Emma Kazarian, AMFT, APCC, of the OCD Center of Los Angeles discusses the benefit of seeking OCD-informed couples therapy when OCD impacts the relationship dynamic between partners. In part one, Emma discusses the ways in which the partner with OCD can know what to look out for in assessing the need for couples therapy, and how to support their partner through psychoeducation, communication and disclosure.

If you have Obsessive-Compulsive Disorder (OCD), you know firsthand how OCD has a nasty habit of attacking the people and things you love most. You know how time-consuming, demoralizing, and all-encompassing an obsessive spiral can be. You also likely know how common it is for your OCD symptoms to bleed into your most prized relationships.
As a therapist with the OCD Center of Los Angeles, I’ve noticed that couples therapy is a sorely under-utilized tool for managing OCD and its impact on our lives.
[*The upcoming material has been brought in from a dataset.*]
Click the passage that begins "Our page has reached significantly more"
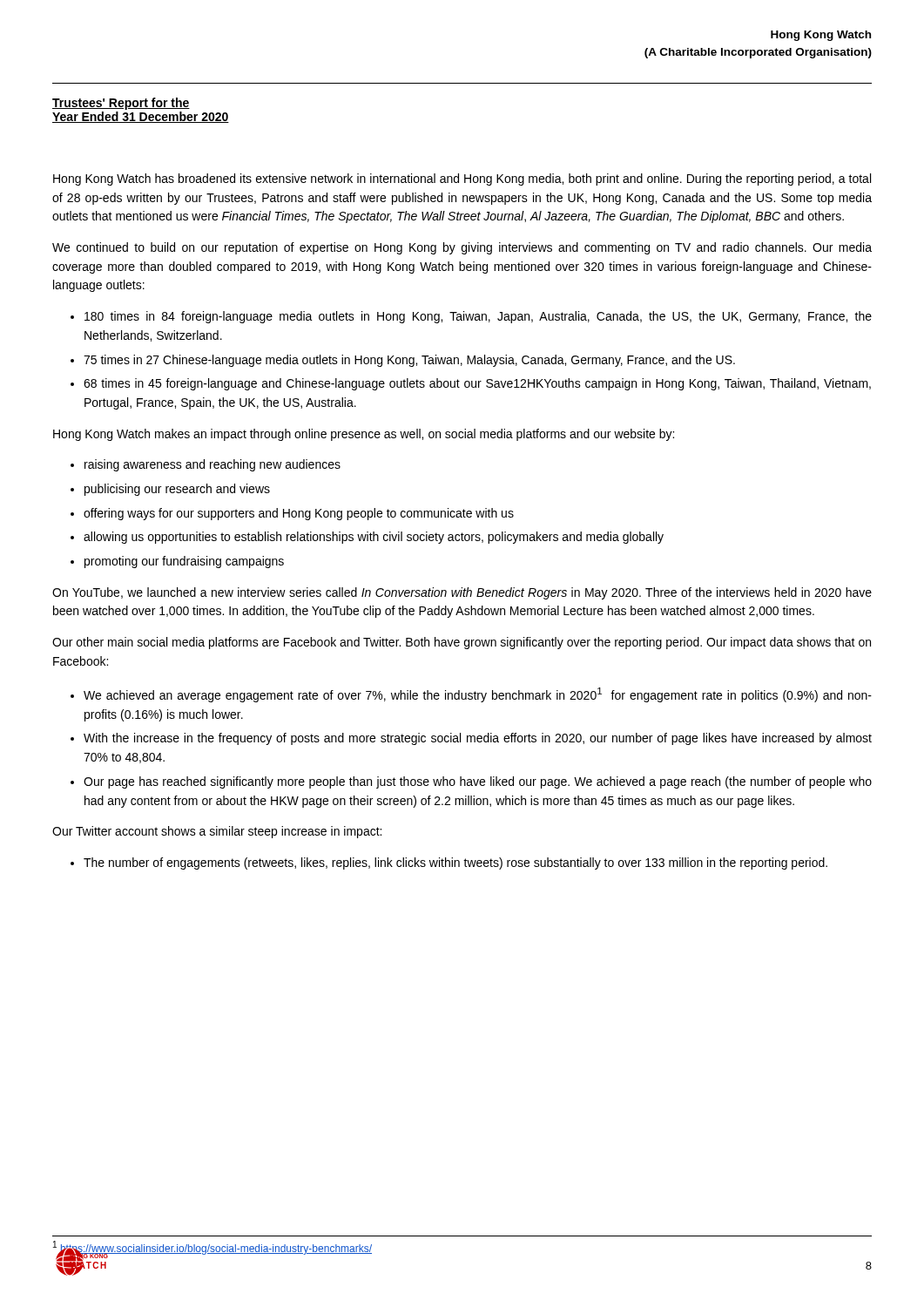tap(478, 791)

People with OCD often feel shame about their disorder and try to shield their loved ones from the horror of their thoughts. While I completely understand the impulse to conceal the disorder from loved ones (and have lived experience to back this up), OCD actually thrives in disconnection, isolation and shame.
You may be scared to think about talking to your partner about your OCD, but couples therapy provides a dedicated space to do just that. In working with an OCD-informed couples therapist, partners learn about OCD together, develop a common language in understanding the inner workings of the disorder and process difficult emotions that arise in the midst of the obsessive-compulsive cycle.
What is OCD-informed couples therapy and how can it help?
At its core, couples therapy provides a structured, contained space to practice honest and vulnerable communication with your partner. Couples therapists bear witness to the stories told by each partner and to the relational dynamics at play, offering feedback that ideally allows everyone to hear and understand each other.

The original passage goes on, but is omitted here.